Mysterious UI Freeze

MitchellB · ‎2023-10-07

We have recently been seeing some GUI freezes happening in one of our products. We had a process that creates and saves logs to a CSV file stored on a SD card in our unit. During this save process, we have a handful of task switching events going from our Frontend to our backend. The front end prompts a nondismissible modal to indicate a log is being saved, while the backend handles the actual saving and logging to the SD card. It also handles a large number of calculations we’re doing during the save process.

We don’t have a surefire way to recreate the freeze, instead we have some automation setup within our Model.tick() to “click” on spots of our screen depending on a handful of flags that get set for the currently shown screen. This automation eventually manages to hit the freeze, it varies how long it takes. Sometimes it happens within the first 10 or so iterations, and other times we could go through the entire process 100 times before seeing the freeze. We have also hooked up our automation for a handful of similar screens that look similar to the process that is causing our freeze. This has so far not resulted in a freeze. UI wise, there isnt a whole lot of difference between these screens and the ones that cause the freeze. There is a good amount of difference however in the backend with the type of calculations we’re doing. They are less intensive compared to the process that ends up freezing.

We have explored several avenues that seemed similar here in the ST forums as well as elsewhere on the internet, but none of the conclusions in those threads have helped us. Our closest solution is this exploration. A coworker of mine recently posted in that thread, with the hopes of someone seeing it and giving us some insight on a potential solution since a lot of the communication seemed to have happened over private messages.

We have setup the FreeRTOS Hard Fault Handler, including writing the registers to our EEPROM that we can read back later after recovering from the frozen state. We have also implemented a similar setup for the Bus Fault and Usage Fault handlers. All three handlers were not touched during any of the freezes we have experienced.

We have four total tasks that we swap between. Our backend task, a frontend gui task, a USB task, and a idle task. We start the backend task as well as the gui task within our main, backend having an above normal priority and the guiTask having a below normal priority.
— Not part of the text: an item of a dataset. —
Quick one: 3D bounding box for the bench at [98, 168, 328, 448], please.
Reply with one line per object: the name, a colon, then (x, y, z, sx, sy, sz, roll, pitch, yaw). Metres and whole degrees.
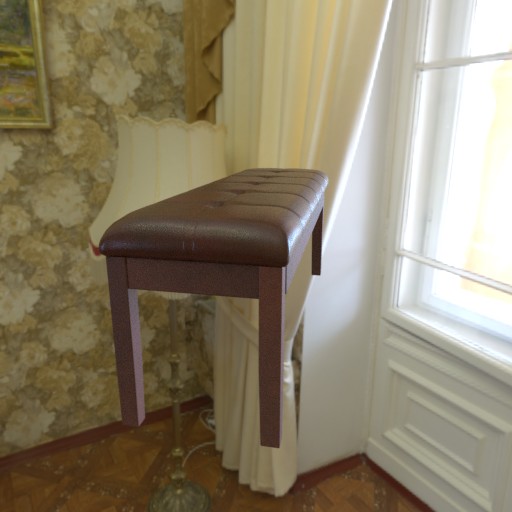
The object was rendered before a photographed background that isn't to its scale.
bench: (0.000, 0.000, 1.491, 0.401, 0.491, 1.259, 3, 16, 12)

The USBTask is started within the backend Task initialization, but it is being handled by USB_HOST and USB_DEVICE middleware generated by CubeMX. The USB task is a higher priority than our gui task, but lower than the backend task, so we can try to guarantee that when a log is saved, it's saved before the GUI transitions to a new screen. At one point we disabled the USB task, this has been the “best” solution we’ve found. The freeze continues to happen, but we only experienced it twice on two out of ten units over a period of 100+ hours. While this is promising, we are not confident enough in the “solution” to move forward with it. Nor do we know why exactly this change has increased the time before a freeze, with limited performance slowdown.
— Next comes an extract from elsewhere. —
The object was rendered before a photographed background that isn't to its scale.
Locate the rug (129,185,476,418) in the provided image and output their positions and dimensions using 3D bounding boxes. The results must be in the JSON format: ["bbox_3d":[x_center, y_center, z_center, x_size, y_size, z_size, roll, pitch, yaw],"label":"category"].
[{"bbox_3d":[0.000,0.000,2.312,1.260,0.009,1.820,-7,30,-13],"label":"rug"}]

We have several timer interrupts that handle peripherals from updating the time on the device, monitor a sleep timer for when the device isnt in use, as well as monitoring some voltage monitoring for our batteries as well as checking if we’re using AC power instead. These have all been non-essential for the process that is ongoing when a freeze happens, and the freezes continue with them removed.

We also explored disabling DMA2D from our device, but this did not seem to be useful; the freeze continued. If anything, once we disabled DMA2D, the freeze started to happen less than what we have experienced to that point. During this time, we also disabled the ART ACCELERATOR within CubeMX, but it also seemed to have helped anything since we eventually got a freeze on the device.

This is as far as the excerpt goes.